Друзья мои шутили: если совершится Реставрация и вернется ГУКОН, то всех сотрудников-литераторов выгонят, а меня оставят на какой-нибудь мелкой должности. Реставрация совершилась, но Институт где был, там, к счастью, и остался, а меня в тех стенах давно нет.
Название и адрес Института, особенно номер дома, сыграли надо мной шутку, и я чуть было не отправился в Африку. Из Танзании в ИМЛИ поступило письмо с просьбой о помощи, в тамошний университет требовался инструктор по литературному ремеслу. Сам я сомневался, ехать или не ехать: опасался экзотической инфекции. Уже не с лошадьми предстояло ехать, а семейно, с женой и маленьким ребенком. Оформлявший документы и знавший тамошние порядки дипломатический работник пробовал меня успокоить. «Не дрейфь, – говорит. – У меня супругу обезьяна укусила, и хоть бы что!». А если начнется гражданская война? Дипломат, которого, зная его боевитость, отказывалась принимать какая бы то ни было страна, оказался тем более спокоен: «Тебе дадут личное оружие».
Меня совсем было оформили, но кто-то из ответственных сотрудников, собиравшийся подписать мое назначение, обратил внимание на адресат африканского письма. Номера домов 25А сходятся, но улица другая – Тверской бульвар, названия учреждений в самом деле сходны, Институты – Литературные, и оба носят имя Горького, но мы писателей изучаем, а там писателей обучают. В Литинституте я вел спецкурс по Шекспиру, однако числился в ИМЛИ. Письмо переслали по адресу, и мои терзания, ехать или не ехать, разрешились.
«В разные годы в ИМЛИ работали известные учёные».
В ИМЛИ сотрудничал дотошный изыскатель, старик Данилин Юрий Иванович. Очутился я с ним в одном и том же Отделе зарубежной литературы, правда, не на должности научного, а научно-технического сотрудника, референта. Находился я на самой низшей ступени научной иерархии, составляя рефераты английских книг для сотрудников, более опытных, однако не владевших иностранными языками: несчастие поколения, отгороженного железным занавесом от остального мира.
Юрий Иванович, которого Великовский назвал «стариком», а Луначарский называл «молодым исследователем французской романтики», был моложе, чем я теперь, о нём вспоминающий, но, несмотря на проделанный им пересмотр «Интернационала», выглядел (на мой взгляд), как и наша университетская профессура, свое отжившим.
«Ах, молодость!
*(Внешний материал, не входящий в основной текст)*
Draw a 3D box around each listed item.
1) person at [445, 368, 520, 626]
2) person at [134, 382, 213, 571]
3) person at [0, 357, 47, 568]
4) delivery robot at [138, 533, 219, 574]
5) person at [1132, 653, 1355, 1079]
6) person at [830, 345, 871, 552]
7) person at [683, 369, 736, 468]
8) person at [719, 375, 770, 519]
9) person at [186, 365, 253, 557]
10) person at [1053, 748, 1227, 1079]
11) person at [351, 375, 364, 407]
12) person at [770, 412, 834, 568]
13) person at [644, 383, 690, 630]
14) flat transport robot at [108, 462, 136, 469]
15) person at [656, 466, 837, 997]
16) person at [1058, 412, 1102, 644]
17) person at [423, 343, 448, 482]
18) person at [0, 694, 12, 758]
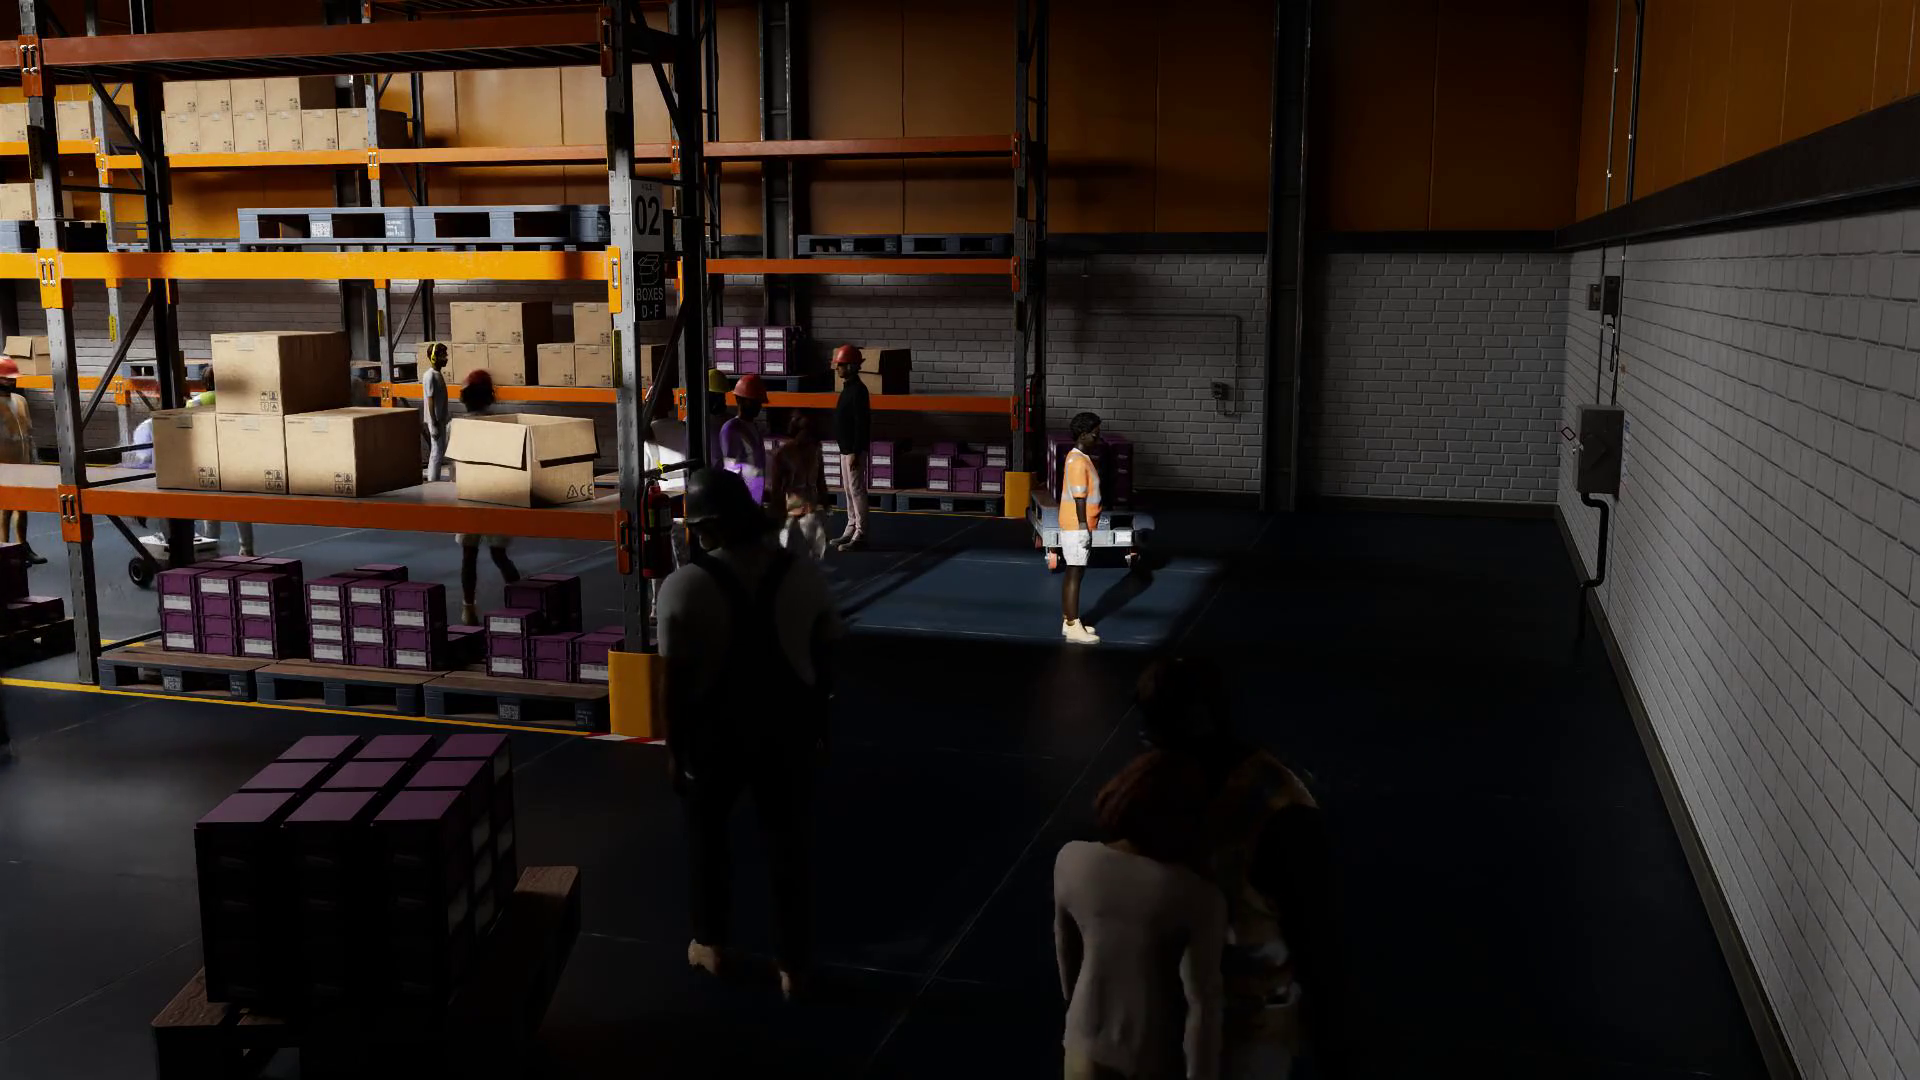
[{"bbox_3d":[-3.543,-0.289,12.532,0.616,1.991,0.867,-8,12,-40],"label":"person"},{"bbox_3d":[-5.963,-0.304,12.784,0.681,1.915,0.579,4,10,22],"label":"person"},{"bbox_3d":[-8.655,-0.705,15.195,0.385,1.936,0.546,2,9,10],"label":"person"},{"bbox_3d":[-6.705,0.086,14.272,0.707,0.478,0.477,5,11,29],"label":"delivery robot"},{"bbox_3d":[0.689,1.166,4.188,0.570,1.802,0.644,-4,10,-24],"label":"person"},{"bbox_3d":[-1.052,-0.887,16.109,0.375,1.995,0.611,-3,10,-17],"label":"person"},{"bbox_3d":[-1.974,-0.415,13.441,0.369,1.927,0.589,7,12,37],"label":"person"},{"bbox_3d":[-1.613,-0.295,12.704,0.374,1.928,0.542,2,10,13],"label":"person"},{"bbox_3d":[-6.905,-0.716,15.568,0.630,1.836,0.429,-6,11,-32],"label":"person"},{"bbox_3d":[0.473,1.274,4.170,0.501,1.592,0.695,5,11,28],"label":"person"},{"bbox_3d":[-6.607,-1.139,17.820,0.636,1.948,0.604,7,11,35],"label":"person"},{"bbox_3d":[-1.307,-0.225,13.267,0.533,1.596,0.602,-9,13,-44],"label":"person"},{"bbox_3d":[-2.235,-0.252,12.583,0.572,1.883,0.353,-9,13,-43],"label":"person"},{"bbox_3d":[-10.470,-0.869,21.239,0.652,0.197,1.431,0,9,2],"label":"flat transport robot"},{"bbox_3d":[-0.819,0.691,6.350,0.706,2.000,0.705,-3,10,-20],"label":"person"},{"bbox_3d":[0.882,-0.095,12.201,0.320,1.692,0.531,0,9,1],"label":"person"},{"bbox_3d":[-6.061,-1.352,19.331,0.309,1.868,0.534,-1,9,-7],"label":"person"},{"bbox_3d":[-5.689,0.451,9.155,0.809,1.591,0.515,-1,9,-5],"label":"person"}]

Молодость!» – услышал я от Данилина. Перед началом заседания стоял я возле ИМЛИ на морозе, без пальто, во власти гамлетовского самопоглощения, что с годами проходит до того бесследно, что и вспомнить не можешь, чем был внутренне занят. Возглас помешал думать о том, о чём я думал. «Дрожишь и дрожи!» – произнёс я про себя, глядя на торопливую фигурку в шубе. Этот сморчок дрожащий, боявшийся холода, который был мне нипочём, и раскачал краеугольный камень в основе Вавилонской башни нашей идеологии. Глядя старику вослед и думая о своем, я не сознавал, что мимо проходит кудесник вроде Кювье: палеонтолог по косточке восстанавливал допотопные чудовища и, как говорит о нём Бальзак, разъяснял друзьям роковой ход точившего их недуга.
Директором, когда меня взяли в Институт, был Иван Иванович Анисимов, ветеран литературно-политических побоищ, начиная с дискуссий в Комакадемии, где он смел возражать Луначарскому, и кончая схватками лингвистов, когда правых и виноватых определял Сталин. Согласно росту и общественному весу Анисимова с довоенной поры прозвали «Большим Иваном». Такой шел спектакль в Театре Образцова, роль Ивана исполнял актер, выглядел на фоне кукол великаном. «Я всегда презирал вашего Анисимова», – сказал мне Лифшиц.